La Croix-Rouge vénézuélienne a enregistré 15 866 personnes déplacées à la suite des tremblements de terre dans le pays.

La Croix-Rouge vénézuélienne (CRV) a déjà dénombré 15.866 personnes déplacées à l'intérieur du pays à la suite des deux tremblements de terre qui ont secoué le nord du Venezuela mercredi 24 juin et qui, selon le dernier bilan officiel, ont fait 3.342 morts, 16.740 blessés et 17.345 sans abri.

L'État le plus touché par le doublet sismique a été La Guaira, déclarée zone sinistrée par le gouvernement intérimaire de Delcy Rodríguez, même si Caracas et les États de Carabobo, Miranda Falcón, Yaracuy et Aragua ont également subi des dommages importants.

Les équipes CRV des États d'Aragua, Zulia, Apure, Falcón, Monagas, Trujillo et Barinas ont enregistré des mouvements internes de personnes fuyant les localités les plus durement touchées pour se déplacer vers d'autres entités du pays.

Il s'agit d'une migration naturelle, où les personnes touchées quittent leur région par leurs propres moyens et sont accueillies par des proches résidant dans des zones qui n'ont pas subi l'impact du cataclysme. Conscient de la précarité de ces groupes familiaux, le CRV fournit à ces foyers des fournitures telles que de la nourriture et du matériel de nettoyage et d'hygiène personnelle.

Après avoir évalué les besoins sur le terrain et comptant sur la collaboration de ses homologues en Italie et en Espagne, la Croix-Rouge vénézuélienne travaille à la création d'un refuge qui fonctionnera pendant 24 mois et qui prévoit d'héberger environ 600 personnes, en leur fournissant des soins de santé et un soutien psychosocial. Jusqu’à présent, ils ont aidé environ un millier de personnes dans les refuges déjà opérationnels dans le pays.

Deux agents de santé de la Croix-Rouge soignent une personne (Croix-Rouge)

Toujours déployé à La Guaira, où il a aidé plus de 4 000 citoyens, le CRV étend son travail à d'autres municipalités des États de Miranda et Falcón qui ont été touchées par le double événement sismique. Des localités dont on parle peu dans les médias, mais qui comptent quand même des morts ou des bâtiments détruits.

Le CRV concentre ses efforts sur le rétablissement des contacts entre les membres des familles. Jusqu’à présent, ils ont enregistré 2 100 appels de personnes cherchant des informations sur leurs proches.

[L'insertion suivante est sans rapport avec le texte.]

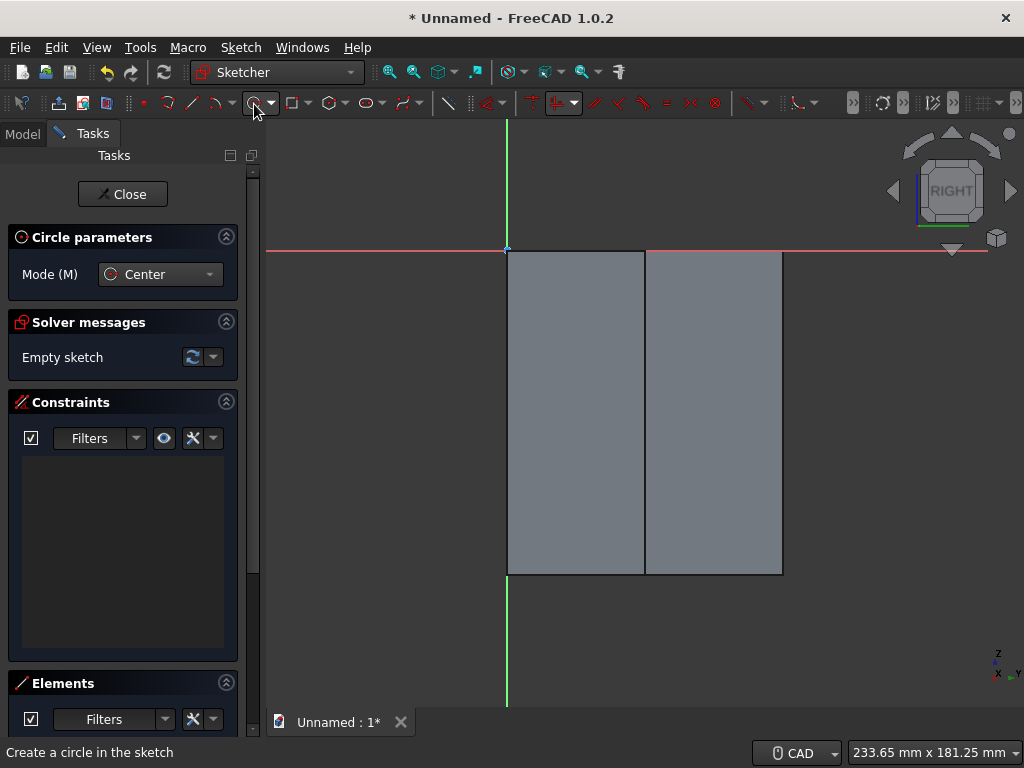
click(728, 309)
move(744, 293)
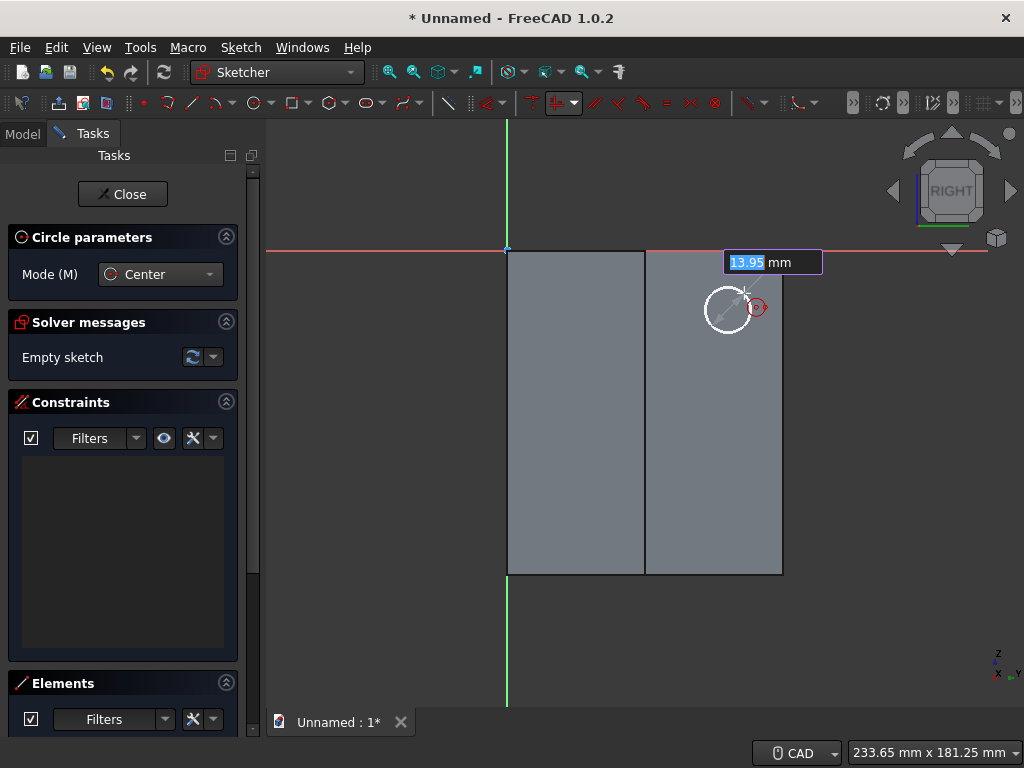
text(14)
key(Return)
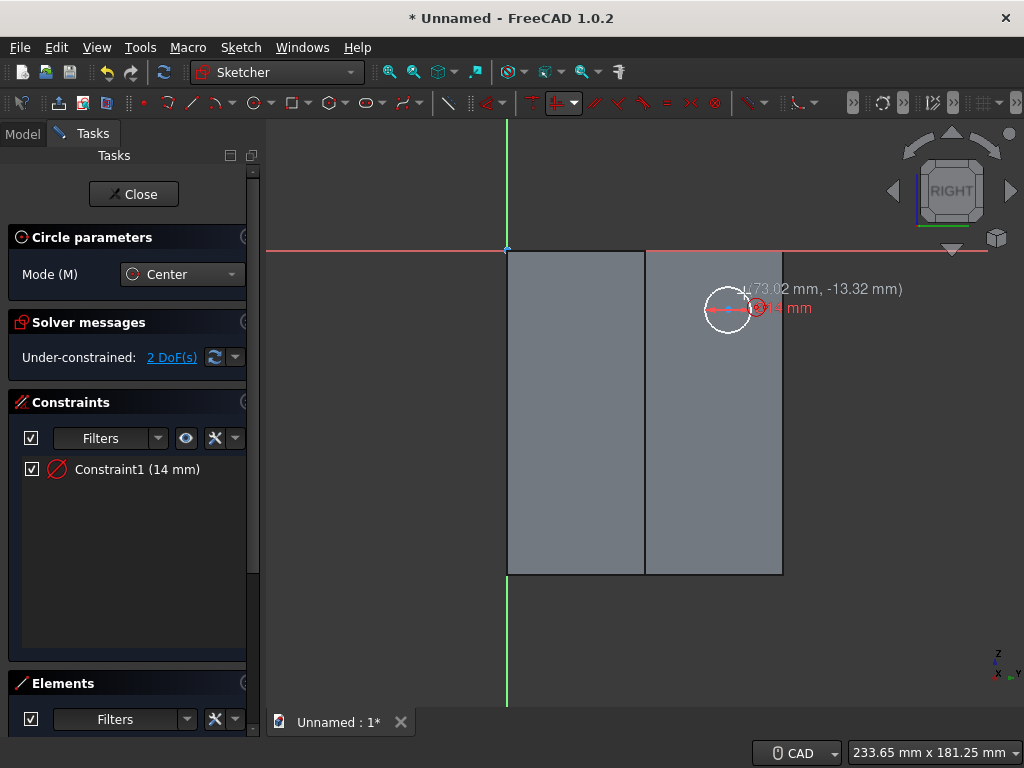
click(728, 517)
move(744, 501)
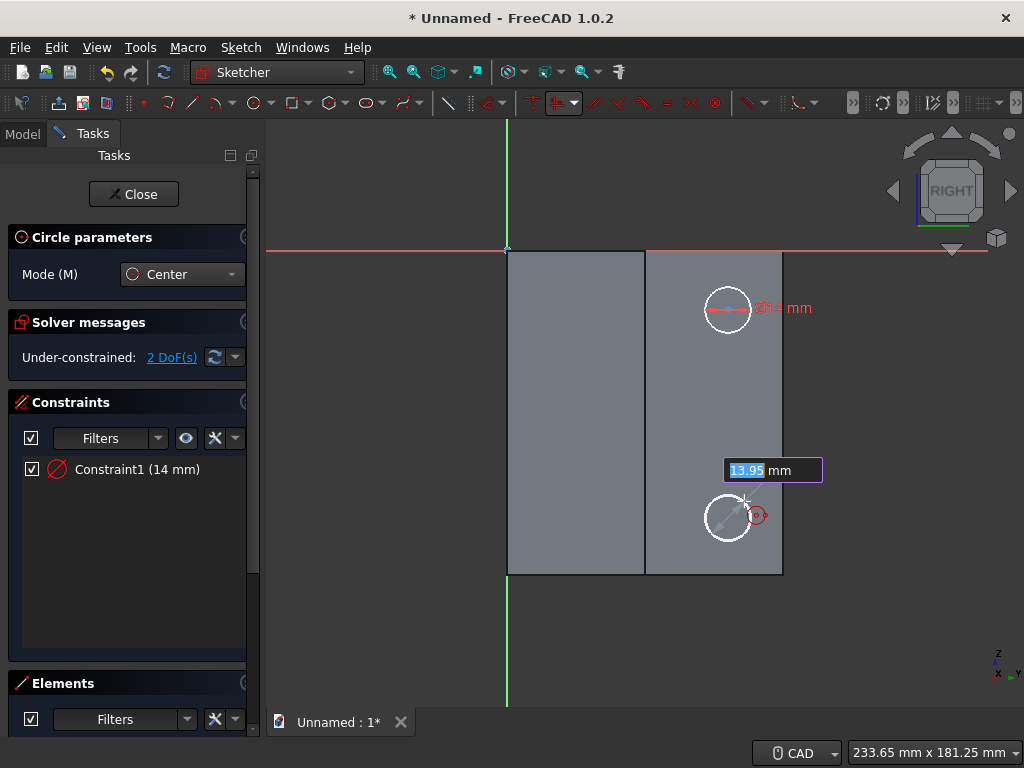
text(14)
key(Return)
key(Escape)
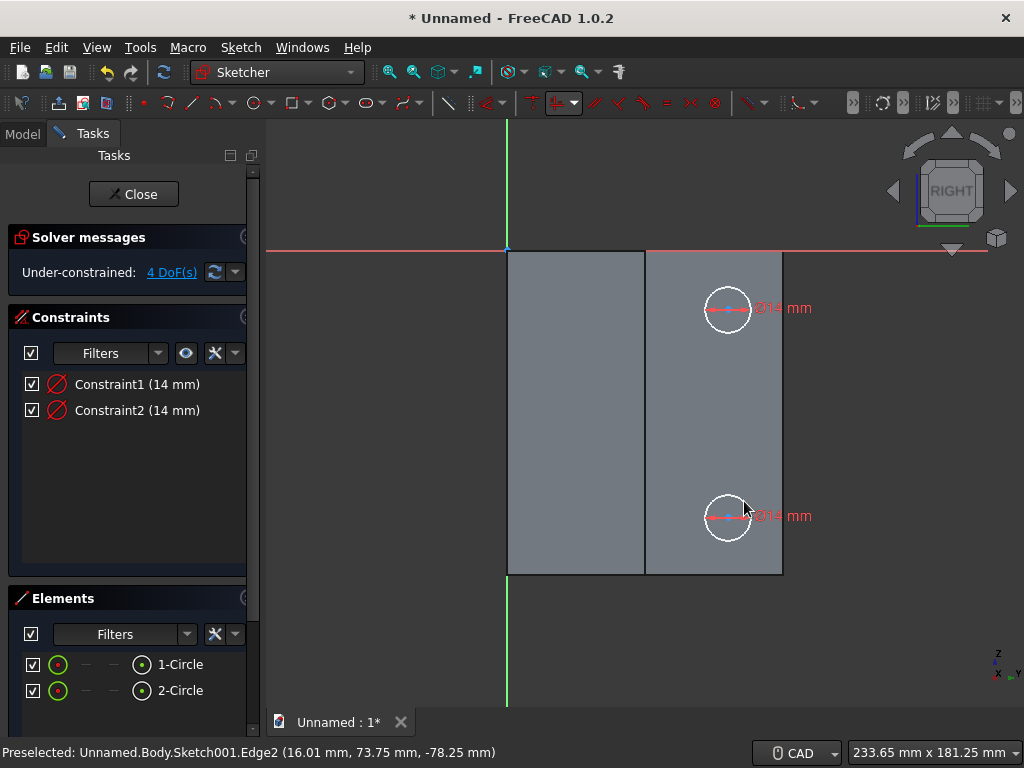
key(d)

La délégation costaricaine apporte son expérience en matière de recherche et de sauvetage aux opérations dans les zones sinistrées du Venezuela. Crédit : Croix-Rouge costaricienne

Pour pallier le manque d'accès à l'eau potable à La Guaira, le CRV a installé une station d'épuration d'eau d'une capacité de 5 000 litres par heure. Sur une note positive, ils soulignent que la Croix-Rouge vénézuélienne comptait environ 4 000 volontaires, mais qu'après le cataclysme, elle a reçu environ 20 000 demandes de personnes souhaitant s'unir pour aider à la crise.

Dans le cadre de ses activités régulières, le CRV gère huit hôpitaux et 33 cliniques externes dans le pays.